Train a Semantic Segmentation Model using Segmentation-Models-PyTorch¶
This notebook demonstrates how to train semantic segmentation models for object detection (e.g., building detection) using the segmentation-models-pytorch library. Unlike instance segmentation with Mask R-CNN, this approach treats the task as pixel-level binary classification.
Install packages¶
To use the new functionality, ensure the required packages are installed.
# %pip install geoai-py
Import libraries¶
import geoai
Download sample data¶
We'll use the same dataset as the Mask R-CNN example for consistency.
train_raster_url = (
"https://huggingface.co/datasets/giswqs/geospatial/resolve/main/naip_rgb_train.tif"
)
train_vector_url = "https://huggingface.co/datasets/giswqs/geospatial/resolve/main/naip_train_buildings.geojson"
test_raster_url = (
"https://huggingface.co/datasets/giswqs/geospatial/resolve/main/naip_test.tif"
)
train_raster_path = geoai.download_file(train_raster_url)
train_vector_path = geoai.download_file(train_vector_url)
test_raster_path = geoai.download_file(test_raster_url)
Visualize sample data¶
geoai.view_vector_interactive(train_vector_path, tiles=train_raster_url)

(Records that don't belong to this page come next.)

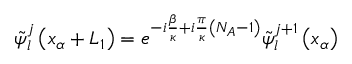Convert formula to latex. <formula><loc_0><loc_0><loc_500><loc_500>{ \tilde { \psi } } _ { l } ^ { j } \left ( x _ { \alpha } + L _ { 1 } \right ) = e ^ { - i \frac { \beta } { \kappa } + i \frac { \pi } { \kappa } \left ( N _ { A } - 1 \right ) } { \tilde { \psi } } _ { l } ^ { j + 1 } \left ( x _ { \alpha } \right )</formula> 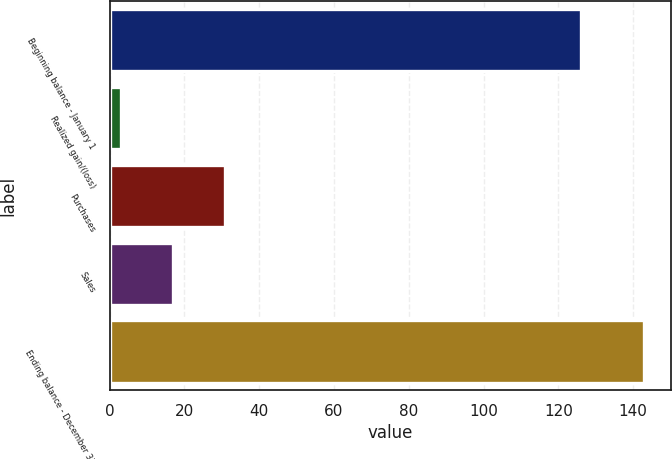Convert chart. <chart><loc_0><loc_0><loc_500><loc_500><bar_chart><fcel>Beginning balance - January 1<fcel>Realized gain/(loss)<fcel>Purchases<fcel>Sales<fcel>Ending balance - December 31<nl><fcel>126<fcel>3<fcel>31<fcel>17<fcel>143<nl></chart> 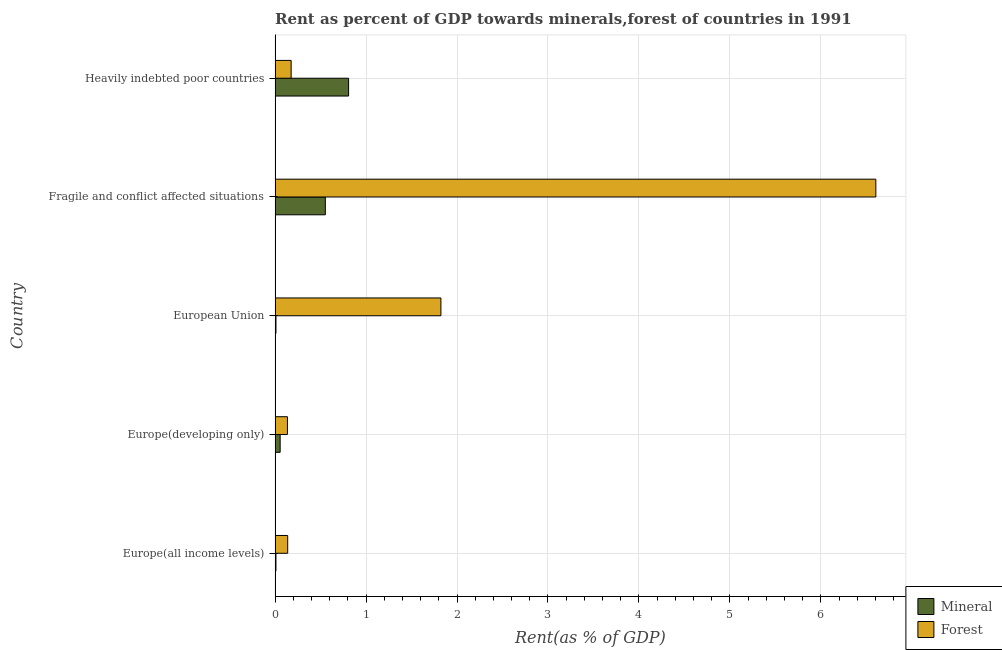How many different coloured bars are there?
Provide a short and direct response. 2. Are the number of bars per tick equal to the number of legend labels?
Offer a very short reply. Yes. Are the number of bars on each tick of the Y-axis equal?
Provide a succinct answer. Yes. How many bars are there on the 2nd tick from the top?
Give a very brief answer. 2. What is the label of the 3rd group of bars from the top?
Your answer should be very brief. European Union. What is the forest rent in Heavily indebted poor countries?
Offer a very short reply. 0.18. Across all countries, what is the maximum mineral rent?
Ensure brevity in your answer.  0.81. Across all countries, what is the minimum mineral rent?
Offer a terse response. 0.01. In which country was the mineral rent maximum?
Give a very brief answer. Heavily indebted poor countries. In which country was the mineral rent minimum?
Offer a very short reply. Europe(all income levels). What is the total forest rent in the graph?
Provide a succinct answer. 8.88. What is the difference between the forest rent in Europe(developing only) and that in Heavily indebted poor countries?
Your response must be concise. -0.04. What is the difference between the forest rent in Europe(all income levels) and the mineral rent in Heavily indebted poor countries?
Your response must be concise. -0.67. What is the average mineral rent per country?
Your response must be concise. 0.29. What is the difference between the forest rent and mineral rent in Fragile and conflict affected situations?
Make the answer very short. 6.05. In how many countries, is the mineral rent greater than 0.6000000000000001 %?
Ensure brevity in your answer.  1. What is the ratio of the forest rent in Europe(all income levels) to that in Heavily indebted poor countries?
Your answer should be very brief. 0.79. Is the difference between the forest rent in Europe(all income levels) and European Union greater than the difference between the mineral rent in Europe(all income levels) and European Union?
Your response must be concise. No. What is the difference between the highest and the second highest forest rent?
Offer a very short reply. 4.78. What is the difference between the highest and the lowest forest rent?
Ensure brevity in your answer.  6.47. Is the sum of the forest rent in Europe(all income levels) and European Union greater than the maximum mineral rent across all countries?
Provide a short and direct response. Yes. What does the 1st bar from the top in European Union represents?
Your response must be concise. Forest. What does the 2nd bar from the bottom in European Union represents?
Make the answer very short. Forest. How many countries are there in the graph?
Provide a short and direct response. 5. Are the values on the major ticks of X-axis written in scientific E-notation?
Keep it short and to the point. No. Does the graph contain any zero values?
Give a very brief answer. No. How are the legend labels stacked?
Your response must be concise. Vertical. What is the title of the graph?
Give a very brief answer. Rent as percent of GDP towards minerals,forest of countries in 1991. What is the label or title of the X-axis?
Your answer should be compact. Rent(as % of GDP). What is the Rent(as % of GDP) of Mineral in Europe(all income levels)?
Provide a succinct answer. 0.01. What is the Rent(as % of GDP) in Forest in Europe(all income levels)?
Keep it short and to the point. 0.14. What is the Rent(as % of GDP) of Mineral in Europe(developing only)?
Your answer should be very brief. 0.06. What is the Rent(as % of GDP) of Forest in Europe(developing only)?
Your answer should be very brief. 0.14. What is the Rent(as % of GDP) in Mineral in European Union?
Offer a very short reply. 0.01. What is the Rent(as % of GDP) of Forest in European Union?
Offer a terse response. 1.82. What is the Rent(as % of GDP) in Mineral in Fragile and conflict affected situations?
Provide a succinct answer. 0.55. What is the Rent(as % of GDP) of Forest in Fragile and conflict affected situations?
Your response must be concise. 6.6. What is the Rent(as % of GDP) in Mineral in Heavily indebted poor countries?
Your answer should be compact. 0.81. What is the Rent(as % of GDP) of Forest in Heavily indebted poor countries?
Your response must be concise. 0.18. Across all countries, what is the maximum Rent(as % of GDP) of Mineral?
Offer a very short reply. 0.81. Across all countries, what is the maximum Rent(as % of GDP) of Forest?
Keep it short and to the point. 6.6. Across all countries, what is the minimum Rent(as % of GDP) in Mineral?
Ensure brevity in your answer.  0.01. Across all countries, what is the minimum Rent(as % of GDP) of Forest?
Ensure brevity in your answer.  0.14. What is the total Rent(as % of GDP) in Mineral in the graph?
Your answer should be compact. 1.44. What is the total Rent(as % of GDP) in Forest in the graph?
Your response must be concise. 8.88. What is the difference between the Rent(as % of GDP) in Mineral in Europe(all income levels) and that in Europe(developing only)?
Ensure brevity in your answer.  -0.05. What is the difference between the Rent(as % of GDP) of Forest in Europe(all income levels) and that in Europe(developing only)?
Offer a very short reply. 0. What is the difference between the Rent(as % of GDP) of Mineral in Europe(all income levels) and that in European Union?
Give a very brief answer. -0. What is the difference between the Rent(as % of GDP) of Forest in Europe(all income levels) and that in European Union?
Offer a terse response. -1.68. What is the difference between the Rent(as % of GDP) in Mineral in Europe(all income levels) and that in Fragile and conflict affected situations?
Ensure brevity in your answer.  -0.54. What is the difference between the Rent(as % of GDP) in Forest in Europe(all income levels) and that in Fragile and conflict affected situations?
Provide a succinct answer. -6.47. What is the difference between the Rent(as % of GDP) of Mineral in Europe(all income levels) and that in Heavily indebted poor countries?
Your answer should be very brief. -0.8. What is the difference between the Rent(as % of GDP) of Forest in Europe(all income levels) and that in Heavily indebted poor countries?
Keep it short and to the point. -0.04. What is the difference between the Rent(as % of GDP) in Mineral in Europe(developing only) and that in European Union?
Offer a very short reply. 0.05. What is the difference between the Rent(as % of GDP) of Forest in Europe(developing only) and that in European Union?
Provide a short and direct response. -1.69. What is the difference between the Rent(as % of GDP) of Mineral in Europe(developing only) and that in Fragile and conflict affected situations?
Provide a short and direct response. -0.5. What is the difference between the Rent(as % of GDP) of Forest in Europe(developing only) and that in Fragile and conflict affected situations?
Offer a very short reply. -6.47. What is the difference between the Rent(as % of GDP) of Mineral in Europe(developing only) and that in Heavily indebted poor countries?
Make the answer very short. -0.75. What is the difference between the Rent(as % of GDP) of Forest in Europe(developing only) and that in Heavily indebted poor countries?
Provide a short and direct response. -0.04. What is the difference between the Rent(as % of GDP) of Mineral in European Union and that in Fragile and conflict affected situations?
Your answer should be very brief. -0.54. What is the difference between the Rent(as % of GDP) of Forest in European Union and that in Fragile and conflict affected situations?
Offer a very short reply. -4.78. What is the difference between the Rent(as % of GDP) of Mineral in European Union and that in Heavily indebted poor countries?
Your answer should be compact. -0.8. What is the difference between the Rent(as % of GDP) in Forest in European Union and that in Heavily indebted poor countries?
Your answer should be compact. 1.65. What is the difference between the Rent(as % of GDP) in Mineral in Fragile and conflict affected situations and that in Heavily indebted poor countries?
Your answer should be very brief. -0.26. What is the difference between the Rent(as % of GDP) in Forest in Fragile and conflict affected situations and that in Heavily indebted poor countries?
Your answer should be compact. 6.43. What is the difference between the Rent(as % of GDP) in Mineral in Europe(all income levels) and the Rent(as % of GDP) in Forest in Europe(developing only)?
Your answer should be compact. -0.13. What is the difference between the Rent(as % of GDP) in Mineral in Europe(all income levels) and the Rent(as % of GDP) in Forest in European Union?
Offer a very short reply. -1.81. What is the difference between the Rent(as % of GDP) in Mineral in Europe(all income levels) and the Rent(as % of GDP) in Forest in Fragile and conflict affected situations?
Offer a terse response. -6.59. What is the difference between the Rent(as % of GDP) of Mineral in Europe(all income levels) and the Rent(as % of GDP) of Forest in Heavily indebted poor countries?
Your answer should be compact. -0.17. What is the difference between the Rent(as % of GDP) of Mineral in Europe(developing only) and the Rent(as % of GDP) of Forest in European Union?
Make the answer very short. -1.77. What is the difference between the Rent(as % of GDP) of Mineral in Europe(developing only) and the Rent(as % of GDP) of Forest in Fragile and conflict affected situations?
Make the answer very short. -6.55. What is the difference between the Rent(as % of GDP) of Mineral in Europe(developing only) and the Rent(as % of GDP) of Forest in Heavily indebted poor countries?
Provide a succinct answer. -0.12. What is the difference between the Rent(as % of GDP) of Mineral in European Union and the Rent(as % of GDP) of Forest in Fragile and conflict affected situations?
Offer a very short reply. -6.59. What is the difference between the Rent(as % of GDP) of Mineral in European Union and the Rent(as % of GDP) of Forest in Heavily indebted poor countries?
Give a very brief answer. -0.17. What is the difference between the Rent(as % of GDP) in Mineral in Fragile and conflict affected situations and the Rent(as % of GDP) in Forest in Heavily indebted poor countries?
Provide a short and direct response. 0.38. What is the average Rent(as % of GDP) in Mineral per country?
Provide a succinct answer. 0.29. What is the average Rent(as % of GDP) of Forest per country?
Ensure brevity in your answer.  1.78. What is the difference between the Rent(as % of GDP) in Mineral and Rent(as % of GDP) in Forest in Europe(all income levels)?
Your response must be concise. -0.13. What is the difference between the Rent(as % of GDP) in Mineral and Rent(as % of GDP) in Forest in Europe(developing only)?
Ensure brevity in your answer.  -0.08. What is the difference between the Rent(as % of GDP) of Mineral and Rent(as % of GDP) of Forest in European Union?
Your response must be concise. -1.81. What is the difference between the Rent(as % of GDP) of Mineral and Rent(as % of GDP) of Forest in Fragile and conflict affected situations?
Your response must be concise. -6.05. What is the difference between the Rent(as % of GDP) in Mineral and Rent(as % of GDP) in Forest in Heavily indebted poor countries?
Offer a very short reply. 0.63. What is the ratio of the Rent(as % of GDP) of Mineral in Europe(all income levels) to that in Europe(developing only)?
Ensure brevity in your answer.  0.17. What is the ratio of the Rent(as % of GDP) of Forest in Europe(all income levels) to that in Europe(developing only)?
Keep it short and to the point. 1.02. What is the ratio of the Rent(as % of GDP) of Mineral in Europe(all income levels) to that in European Union?
Provide a succinct answer. 0.98. What is the ratio of the Rent(as % of GDP) of Forest in Europe(all income levels) to that in European Union?
Your answer should be very brief. 0.08. What is the ratio of the Rent(as % of GDP) in Mineral in Europe(all income levels) to that in Fragile and conflict affected situations?
Provide a succinct answer. 0.02. What is the ratio of the Rent(as % of GDP) of Forest in Europe(all income levels) to that in Fragile and conflict affected situations?
Make the answer very short. 0.02. What is the ratio of the Rent(as % of GDP) of Mineral in Europe(all income levels) to that in Heavily indebted poor countries?
Give a very brief answer. 0.01. What is the ratio of the Rent(as % of GDP) of Forest in Europe(all income levels) to that in Heavily indebted poor countries?
Keep it short and to the point. 0.79. What is the ratio of the Rent(as % of GDP) in Mineral in Europe(developing only) to that in European Union?
Your response must be concise. 5.69. What is the ratio of the Rent(as % of GDP) of Forest in Europe(developing only) to that in European Union?
Offer a terse response. 0.07. What is the ratio of the Rent(as % of GDP) in Mineral in Europe(developing only) to that in Fragile and conflict affected situations?
Make the answer very short. 0.1. What is the ratio of the Rent(as % of GDP) in Forest in Europe(developing only) to that in Fragile and conflict affected situations?
Provide a succinct answer. 0.02. What is the ratio of the Rent(as % of GDP) in Mineral in Europe(developing only) to that in Heavily indebted poor countries?
Your answer should be very brief. 0.07. What is the ratio of the Rent(as % of GDP) of Forest in Europe(developing only) to that in Heavily indebted poor countries?
Provide a succinct answer. 0.77. What is the ratio of the Rent(as % of GDP) of Mineral in European Union to that in Fragile and conflict affected situations?
Ensure brevity in your answer.  0.02. What is the ratio of the Rent(as % of GDP) in Forest in European Union to that in Fragile and conflict affected situations?
Provide a short and direct response. 0.28. What is the ratio of the Rent(as % of GDP) of Mineral in European Union to that in Heavily indebted poor countries?
Make the answer very short. 0.01. What is the ratio of the Rent(as % of GDP) in Forest in European Union to that in Heavily indebted poor countries?
Provide a short and direct response. 10.32. What is the ratio of the Rent(as % of GDP) in Mineral in Fragile and conflict affected situations to that in Heavily indebted poor countries?
Provide a short and direct response. 0.68. What is the ratio of the Rent(as % of GDP) in Forest in Fragile and conflict affected situations to that in Heavily indebted poor countries?
Give a very brief answer. 37.41. What is the difference between the highest and the second highest Rent(as % of GDP) of Mineral?
Your answer should be very brief. 0.26. What is the difference between the highest and the second highest Rent(as % of GDP) of Forest?
Make the answer very short. 4.78. What is the difference between the highest and the lowest Rent(as % of GDP) in Mineral?
Your response must be concise. 0.8. What is the difference between the highest and the lowest Rent(as % of GDP) of Forest?
Your answer should be compact. 6.47.

geoai.view_raster(test_raster_url)
Create training data¶
We'll create the same training tiles as before.
out_folder = "buildings"
tiles = geoai.export_geotiff_tiles(
in_raster=train_raster_path,
out_folder=out_folder,
in_class_data=train_vector_path,
tile_size=512,
stride=256,
buffer_radius=0,
)
Train semantic segmentation model¶
Now we'll train a semantic segmentation model using the new train_segmentation_model
function. This function supports various architectures from segmentation-models-pytorch
:
- Architectures:
unet
,unetplusplus
deeplabv3
,deeplabv3plus
,fpn
,pspnet
,linknet
,manet
- Encoders:
resnet34
,resnet50
,efficientnet-b0
,mobilenet_v2
, etc.
For more details, please refer to the segmentation-models-pytorch documentation.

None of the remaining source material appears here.